Start of Given entries

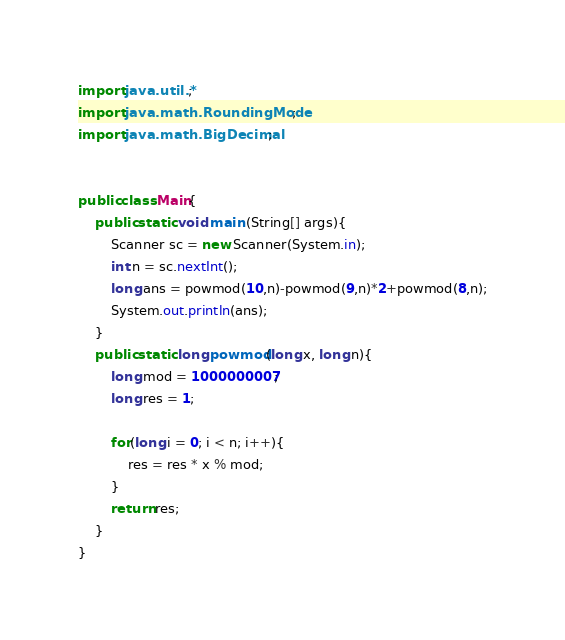Convert code to text. <code><loc_0><loc_0><loc_500><loc_500><_Java_>import java.util.*;
import java.math.RoundingMode;
import java.math.BigDecimal;
 
 
public class Main{
	public static void main (String[] args){
		Scanner sc = new Scanner(System.in);
		int n = sc.nextInt();
		long ans = powmod(10,n)-powmod(9,n)*2+powmod(8,n);
		System.out.println(ans);
	}
	public static long powmod(long x, long n){
		long mod = 1000000007;
      	long res = 1;
      
		for(long i = 0; i < n; i++){
			res = res * x % mod;
		}
		return res;
	}
}</code> 
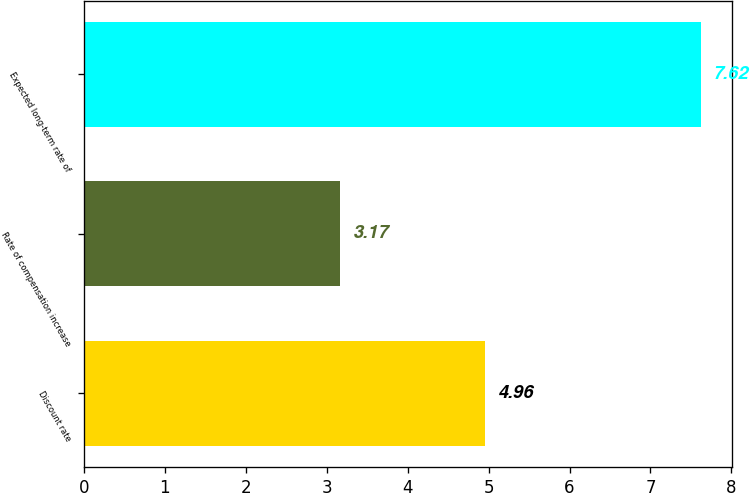Convert chart. <chart><loc_0><loc_0><loc_500><loc_500><bar_chart><fcel>Discount rate<fcel>Rate of compensation increase<fcel>Expected long-term rate of<nl><fcel>4.96<fcel>3.17<fcel>7.62<nl></chart>

End of Given entries

**Assigned task**
Read the lines above. Gather those in which the string "math" is found.

**Answer to this problem**
import java.math.RoundingMode;
import java.math.BigDecimal;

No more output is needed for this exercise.